Amiante, le scandale le plus long
par Eliane Patriarca
100 000 cercueils, le scandale de l’amiante
de José Bourgarel
France 2, ce soir, 22 h 50
En DVD le 29 janvier
L’amiante est un fléau dont on croit s’être débarrassé, le moteur d’une tragédie sanitaire que l’on souhaiterait terminée. C’est faux et le premier mérite du documentaire de José Bourgarel est de secouer notre indifférence. Chaque jour, en France, dix personnes meurent d’avoir respiré cette poussière blanche hautement cancérigène, et les premières images montrent les visages de ceux qui savent leurs jours comptés. Avec 3 000 décès par an — 100 000 d’ici à 2025 en France, et 500 000 en Europe —, l’ampleur de la catastrophe est insupportable. Mais le pire survient au fil des interviews et des documents collectés par le réalisateur, qui démontrent, dans un documentaire classique mais saisissant, que cette hécatombe aurait pu être évitée.
Minéral magique, l’amiante est un isolant utilisé dès le début du XXe siècle. Chantiers navals, bâtiments, on ignifuge tout. Dès 1906, un médecin du travail français s’inquiète de la surmortalité des ouvriers travaillant à son contact. En 1930, on fait le lien avec les cancers du poumon. Et pourtant, la fibre tueuse n’est pas interdite et son usage est même encouragé. José Bourgarel retrace la manipulation orchestrée par les industriels : pour contrer les rapports qui établissent la dangerosité du minéral, ils musellent la presse, s’annexent des scientifiques et promeuvent « l’usage raisonné de l’amiante ». Vaste fumisterie.
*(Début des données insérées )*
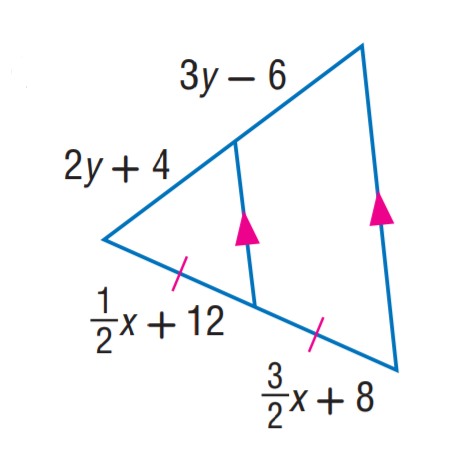Answer the mathemtical geometry problem and directly provide the correct option letter.
Question: Find y.
Choices: A: 8 B: 10 C: 12 D: 14 B 
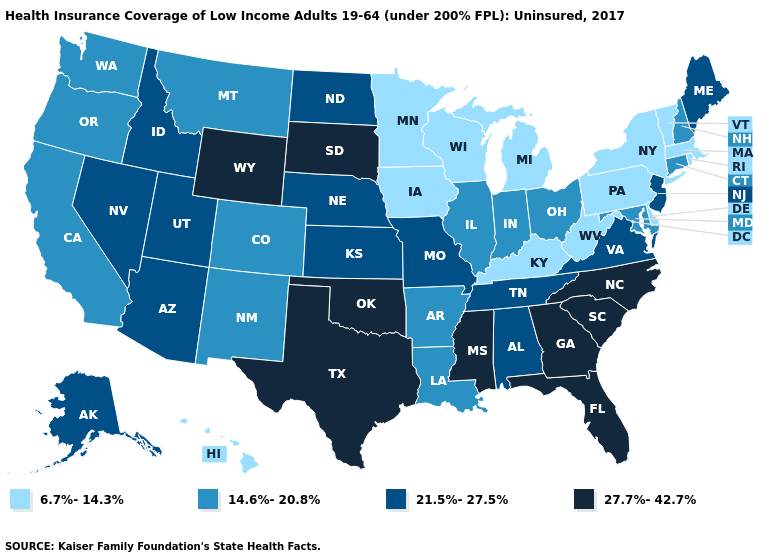Name the states that have a value in the range 6.7%-14.3%?
Quick response, please. Delaware, Hawaii, Iowa, Kentucky, Massachusetts, Michigan, Minnesota, New York, Pennsylvania, Rhode Island, Vermont, West Virginia, Wisconsin. What is the highest value in the USA?
Keep it brief. 27.7%-42.7%. Among the states that border Ohio , which have the highest value?
Write a very short answer. Indiana. Name the states that have a value in the range 21.5%-27.5%?
Answer briefly. Alabama, Alaska, Arizona, Idaho, Kansas, Maine, Missouri, Nebraska, Nevada, New Jersey, North Dakota, Tennessee, Utah, Virginia. Does the map have missing data?
Give a very brief answer. No. What is the value of New Hampshire?
Quick response, please. 14.6%-20.8%. Among the states that border Tennessee , which have the highest value?
Short answer required. Georgia, Mississippi, North Carolina. Name the states that have a value in the range 6.7%-14.3%?
Give a very brief answer. Delaware, Hawaii, Iowa, Kentucky, Massachusetts, Michigan, Minnesota, New York, Pennsylvania, Rhode Island, Vermont, West Virginia, Wisconsin. Name the states that have a value in the range 6.7%-14.3%?
Keep it brief. Delaware, Hawaii, Iowa, Kentucky, Massachusetts, Michigan, Minnesota, New York, Pennsylvania, Rhode Island, Vermont, West Virginia, Wisconsin. Name the states that have a value in the range 21.5%-27.5%?
Keep it brief. Alabama, Alaska, Arizona, Idaho, Kansas, Maine, Missouri, Nebraska, Nevada, New Jersey, North Dakota, Tennessee, Utah, Virginia. Name the states that have a value in the range 21.5%-27.5%?
Be succinct. Alabama, Alaska, Arizona, Idaho, Kansas, Maine, Missouri, Nebraska, Nevada, New Jersey, North Dakota, Tennessee, Utah, Virginia. Name the states that have a value in the range 14.6%-20.8%?
Write a very short answer. Arkansas, California, Colorado, Connecticut, Illinois, Indiana, Louisiana, Maryland, Montana, New Hampshire, New Mexico, Ohio, Oregon, Washington. Name the states that have a value in the range 21.5%-27.5%?
Write a very short answer. Alabama, Alaska, Arizona, Idaho, Kansas, Maine, Missouri, Nebraska, Nevada, New Jersey, North Dakota, Tennessee, Utah, Virginia. Does Hawaii have the lowest value in the West?
Give a very brief answer. Yes. 
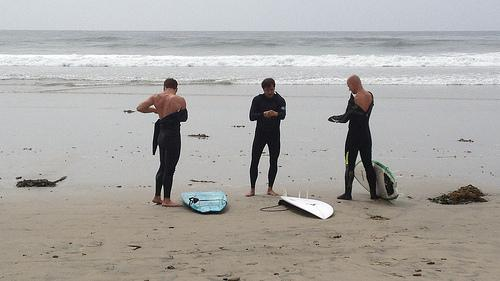Describe the image from the perspective of a person who just arrived at the scene. I've just arrived at the beach to find a beautiful vista: a gray sky meeting the dark blue ocean with white waves crashing on the shore. I can see three friends getting ready for a surf session, and I can't wait to join them. Write a poetic description of the image, using vivid imagery. Upon the rolling waves of steely gray, the eager trio dons their aquatic armor, ready to conquer the ocean's wild dance atop their vibrant steeds of water-bound delight. Describe the surface textures in the image and their visual impact. The coarse sand, the smooth and shiny wetsuits, the swirling seaweed, and the sleek surfboards create a visually diverse environment that captivates the viewer. Mention what stands out to you the most in the scene and what emotions it evokes. The sight of three friends preparing to surf on their colorful surfboards against the dark blue ocean and gray sky strikes me as a joyful adventure, full of excitement and camaraderie. Mention the prominent elements you see in the image, focusing on color and composition. The image features a light gray sky and a dark blue ocean with white waves, a sandy beach with seaweed, three men in wetsuits, and three surfboards - light blue, white, and green and white. Imagine you're a painter describing a scene you want to paint. Explain the main elements and their positions. I plan to paint a gray sky as the backdrop, an expansive dark blue ocean with white waves in the immediate foreground, a sandy shoreline with spiraled seaweed, and three men putting on wetsuits beside three colorful surfboards. Portray the actions taking place in the image by mentioning people, place, and objects. Men donning wetsuits, surfboards lying and standing nearby, and waves crashing along the shore prepare to make a splash on a sandy beach. Describe the scene using a short, catchy phrase. "Surf's up!" Three friends gear up for a ride on the ocean's rolling waves. Tell a brief story about the scene, including the characters and their intentions. Three friends arrived at the beach, eager to catch some waves. They hurriedly put on their wetsuits while glancing at the enticing ocean ahead. Soon, they would be zipping through the water on their vibrant surfboards. Use only adjectives to convey the atmosphere of the image. Gray, sandy, energetic, adventurous, bustling, wet, wavy, foamy, cool.

En France, ils forgent une machine de guerre, le Comité permanent amiante (CPA) – regroupant des représentants de l’Etat, des scientifiques et des syndicalistes – auquel le gouvernement finit par déléguer officieusement toute la gestion du dossier ! Le scandale finit par éclater dans les années 90 grâce, notamment, aux chercheurs de Jussieu, une université entièrement amiantée.
Mais le drame ne s’est pas achevé avec l’interdiction de l’usage de l’amiante sur le territoire français, en 1997. D’abord parce que les maladies, horriblement douloureuses, peuvent se déclarer vingt à trente ans après l’exposition ; ensuite parce que de l’amiante, il y en a encore ; la production et le commerce se poursuivent dans les pays du Sud. Enfin, parce que les victimes françaises, qui ont déposé leurs premières plaintes en 1996, craignent désormais de ne pas vivre assez longtemps pour voir jugés les responsables.
En Italie, les victimes ont eu gain de cause au bout de trente ans de combats : en décembre, un gigantesque procès s’est ouvert à Turin, opposant 2 900 parties civiles aux ex-patrons d’Eternit, le leader européen de l’amiante-ciment, et le responsable de dizaines de milliers de morts en France.